About this catalogue

This online born‐digital catalogue accompanies the National Gallery’s virtual exhibition Fruits of the Spirit: Art from the Heart. It is downloadable for free, and any part of the catalogue can be easily accessed or printed. This format maximises the flexible ways in which these texts can be used, enjoyed and shared. Any mistakes or omissions are the editors’ own.

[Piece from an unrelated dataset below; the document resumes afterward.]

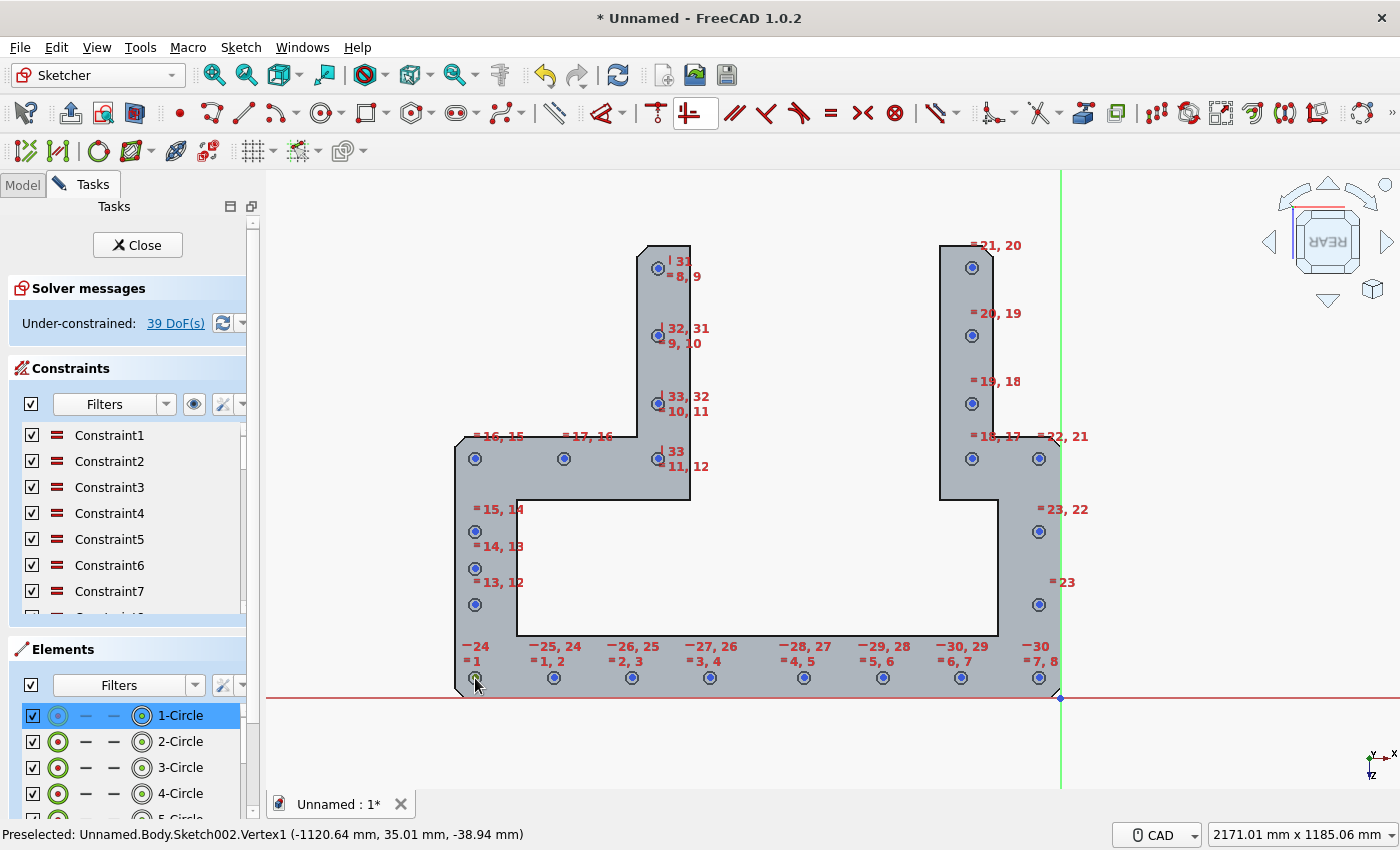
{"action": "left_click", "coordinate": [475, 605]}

The exhibition has been curated by Ayla Lepine in close collaboration with Susanna Avery‐Quash. Fruits of the Spirit pairs nine paintings from the National Gallery’s collection with nine paintings from regional partner collections from across the UK. The catalogue and virtual exhibition are accompanied by a series of UK‐wide events, a Smartify audioguide and, from November 2022 until April 2023, an in‐person tour through the National Gallery’s collection.

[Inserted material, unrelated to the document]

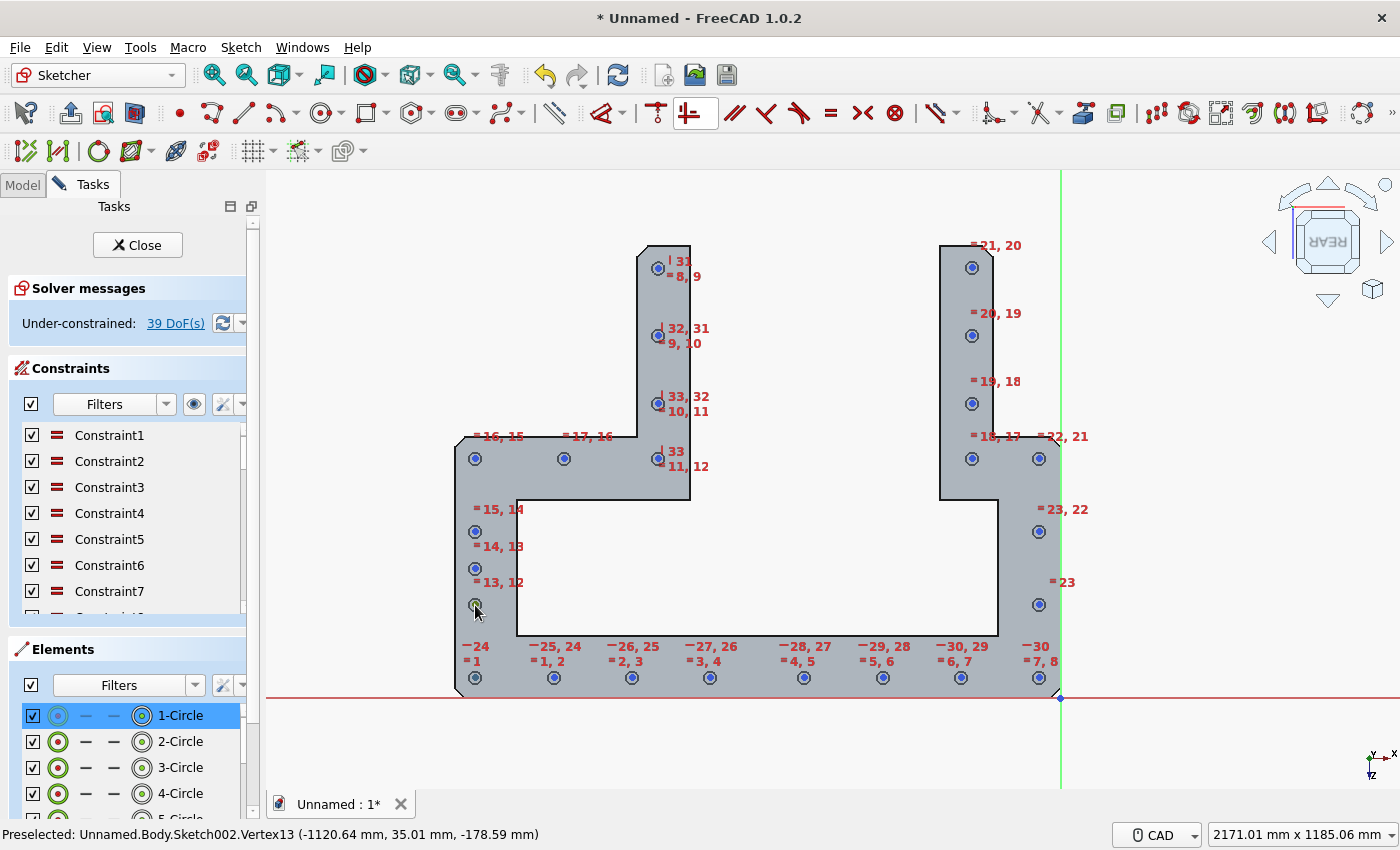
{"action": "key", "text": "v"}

The catalogue has been co‐edited by Ayla Lepine and Susanna Avery‐Quash, with assistance from Isobel Muir as part of her Student Development activity supported by the Arts and Humanities Research Council. The catalogue’s structure places the nine themes of the Fruits of the Spirit – love, joy, peace, patience, kindness, gentleness, faithfulness, generosity and self‐control – in dialogue with the exhibition’s 18 paintings. Each theme features short essays by a National Gallery curator, a UK partnership museum curator, and an individual or group connected with the regional partner. These community voices provide an exciting and dynamic layer within the project and the catalogue structure. Community contributors include art therapists, artists, refugees, people from Quaker, Jewish and Methodist backgrounds, children, and climate change activists.

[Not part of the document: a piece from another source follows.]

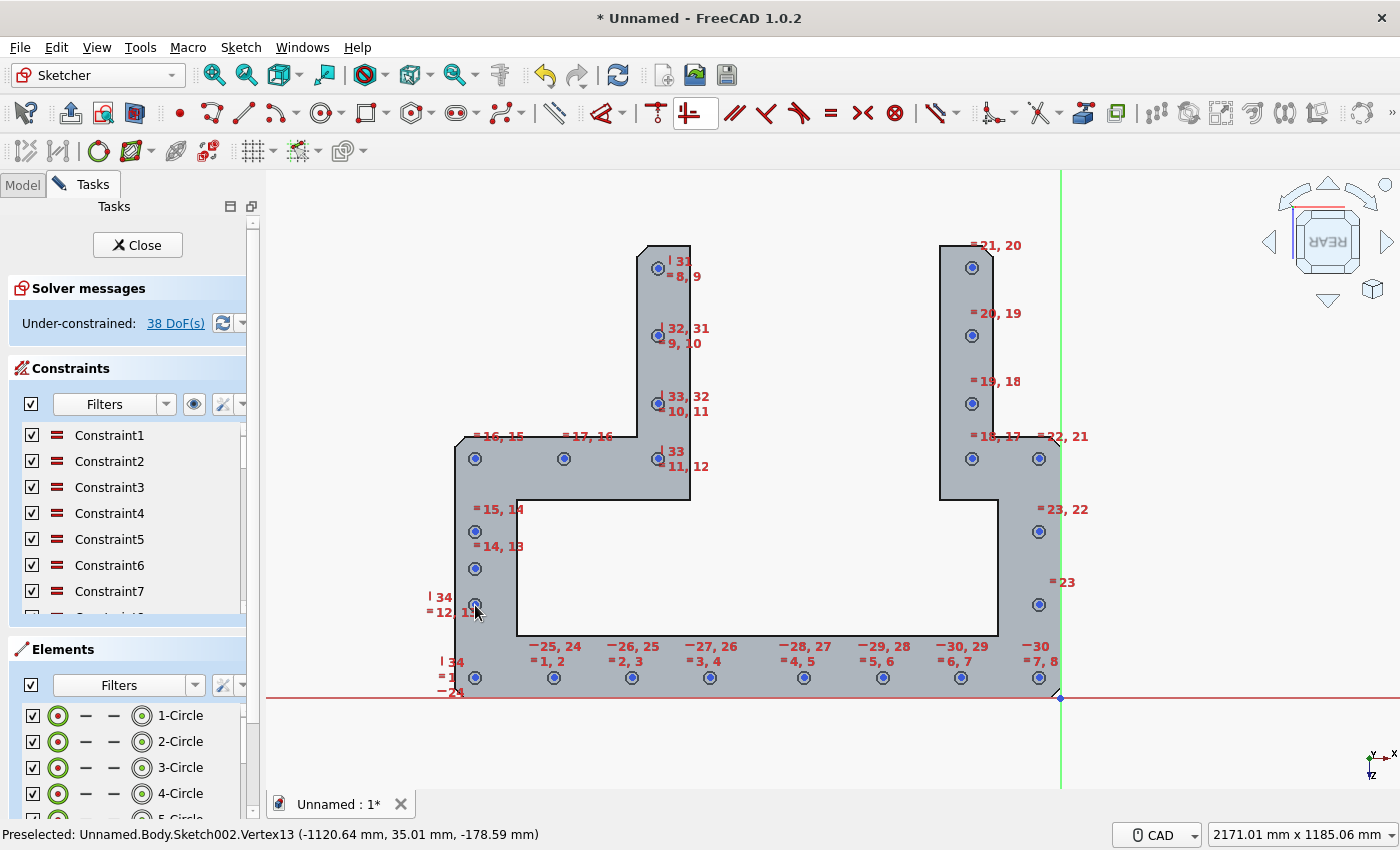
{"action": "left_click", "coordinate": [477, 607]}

Additionally, the London‐based Jewish poet Aviva Dautch was commissioned to write a poem responding to the Fruits of the Spirit themes. Dautch is also a participant in the National Gallery’s new Interfaith Sacred Art Forum, which has been focusing on the theme ‘Crossing Borders’. She selected the Fruit of the Spirit’s theme of Faithfulness in relation to Orazio Gentileschi’s The Finding of Moses. Her words connect this painting to the importance of women in scripture and the significance of Artemisia Gentileschi (Orazio’s daughter) as an artist with her own story to tell. Dautch’s poem also makes a profound connection with the Foundling Museum’s contributions to the Faithfulness theme and the biblical account of Moses’ birth. Dautch’s work speaks of faith in uncertain times, the enduring strength of women in painful circumstances, and the enduring qualities of faith, hope and love in every person’s life.

About the authors

Ayla Lepine

Revd Dr Ayla Lepine was Ahmanson Fellow in Art and Religion at the National Gallery (2021–2) and is now Associate Rector at St James’s Piccadilly in London. Following her PhD from the Courtauld Institute of Art, she held fellowships at the Courtauld and Yale, and was Lecturer and Fellow in Art History at the University of Essex. Her publications include co‐edited books on monastic architecture and modern visual culture, as well as articles on art and theology in Architectural History, the Sculpture Journal and British Art Studies. She is a trustee of the UK charity Art and Christianity, a contributor to the Visual Commentary on Scripture and a member of the Visual Arts Committee at St Paul’s Cathedral.

Mark A. Simmons

The archaeologist and social historian Mark A. Simmons has worked professionally in the arts and museums sector for over thirty years. During 2005 he curated The Curiosity Shop, the UK’s first touring museum project based in empty shops, receiving several awards for both his individual and collaborative work. He joined Leicester Museums & Galleries in early 2021, where he is the Principal Manager responsible for the service’s public programmes, covering learning, engagement and exhibitions. His role also includes leading on the care and interpretation of the museum collection, on community heritage and on public arts initiatives across the city.